[AVAILABLE DATA — start]

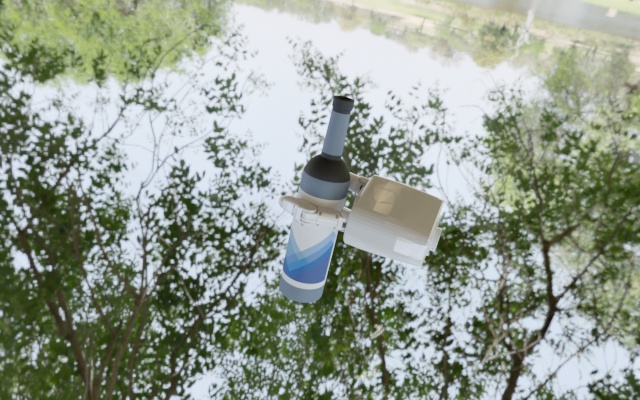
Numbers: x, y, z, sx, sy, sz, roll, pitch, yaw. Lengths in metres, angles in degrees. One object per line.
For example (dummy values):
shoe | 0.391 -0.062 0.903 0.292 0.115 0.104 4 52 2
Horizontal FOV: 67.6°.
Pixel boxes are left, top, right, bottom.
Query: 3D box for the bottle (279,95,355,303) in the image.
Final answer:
bottle | 0.000 0.002 0.664 0.069 0.296 0.069 11 23 -5
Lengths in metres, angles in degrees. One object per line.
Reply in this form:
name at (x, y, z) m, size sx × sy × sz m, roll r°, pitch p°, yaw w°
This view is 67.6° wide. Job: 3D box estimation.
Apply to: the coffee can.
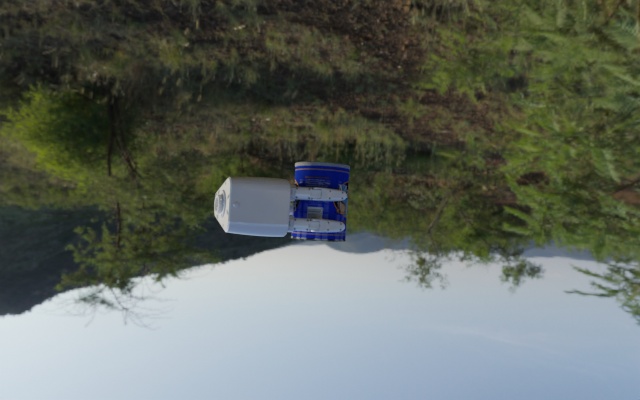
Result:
coffee can at (0.000, 0.003, 0.889) m, size 0.103 × 0.140 × 0.103 m, roll 3°, pitch -2°, yaw 0°
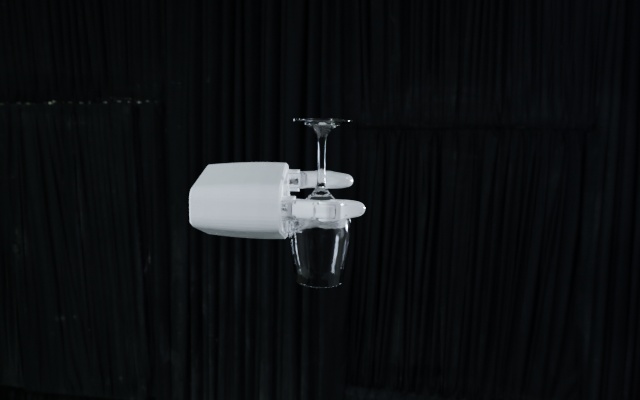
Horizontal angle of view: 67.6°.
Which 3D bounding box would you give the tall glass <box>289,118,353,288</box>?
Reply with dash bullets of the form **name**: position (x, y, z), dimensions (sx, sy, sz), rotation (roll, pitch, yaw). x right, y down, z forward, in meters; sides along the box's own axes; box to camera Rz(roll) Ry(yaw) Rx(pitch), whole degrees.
- **tall glass**: position (0.000, 0.001, 0.589), dimensions (0.079, 0.201, 0.079), rotation (1, 7, 0)
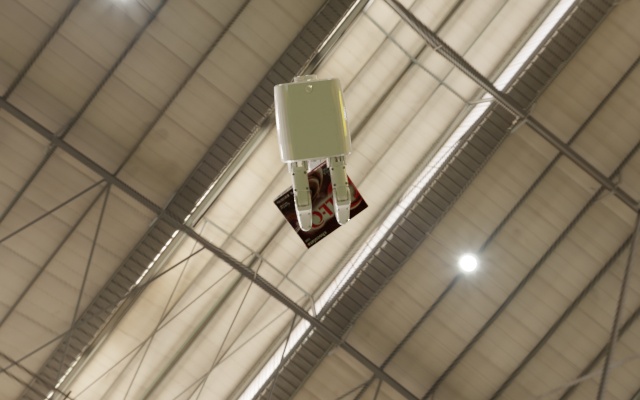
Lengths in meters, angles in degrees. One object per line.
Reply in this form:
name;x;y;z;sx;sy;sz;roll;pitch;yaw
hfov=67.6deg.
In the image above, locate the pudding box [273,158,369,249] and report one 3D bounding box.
pudding box;0.000;0.002;0.707;0.113;0.090;0.039;-35;12;3

[AVAILABLE DATA — finish]

• WHAT THE EXERCISE ASKS
Please set down the whole listing above exactly and skip every picture.

• WRITTEN RESPONSE
Numbers: x, y, z, sx, sy, sz, roll, pitch, yaw. Lengths in metres, angles in degrees. One object per line.
For example (dummy values):
shoe | 0.391 -0.062 0.903 0.292 0.115 0.104 4 52 2
Horizontal FOV: 67.6°.
Pixel boxes are left, top, right, bottom.
Query: 3D box for the bottle (279,95,355,303) in the image.
Final answer:
bottle | 0.000 0.002 0.664 0.069 0.296 0.069 11 23 -5
Lengths in metres, angles in degrees. One object per line.
Reply in this form:
name at (x, y, z) m, size sx × sy × sz m, roll r°, pitch p°, yaw w°
This view is 67.6° wide. Job: 3D box estimation.
Apply to: the coffee can.
Result:
coffee can at (0.000, 0.003, 0.889) m, size 0.103 × 0.140 × 0.103 m, roll 3°, pitch -2°, yaw 0°
Horizontal angle of view: 67.6°.
Which 3D bounding box would you give the tall glass <box>289,118,353,288</box>?
Reply with dash bullets of the form **name**: position (x, y, z), dimensions (sx, sy, sz), rotation (roll, pitch, yaw). x right, y down, z forward, in meters; sides along the box's own axes; box to camera Rz(roll) Ry(yaw) Rx(pitch), whole degrees.
- **tall glass**: position (0.000, 0.001, 0.589), dimensions (0.079, 0.201, 0.079), rotation (1, 7, 0)
Lengths in meters, angles in degrees. One object per line.
Reply in this form:
name;x;y;z;sx;sy;sz;roll;pitch;yaw
hfov=67.6deg.
In the image above, locate the pudding box [273,158,369,249] and report one 3D bounding box.
pudding box;0.000;0.002;0.707;0.113;0.090;0.039;-35;12;3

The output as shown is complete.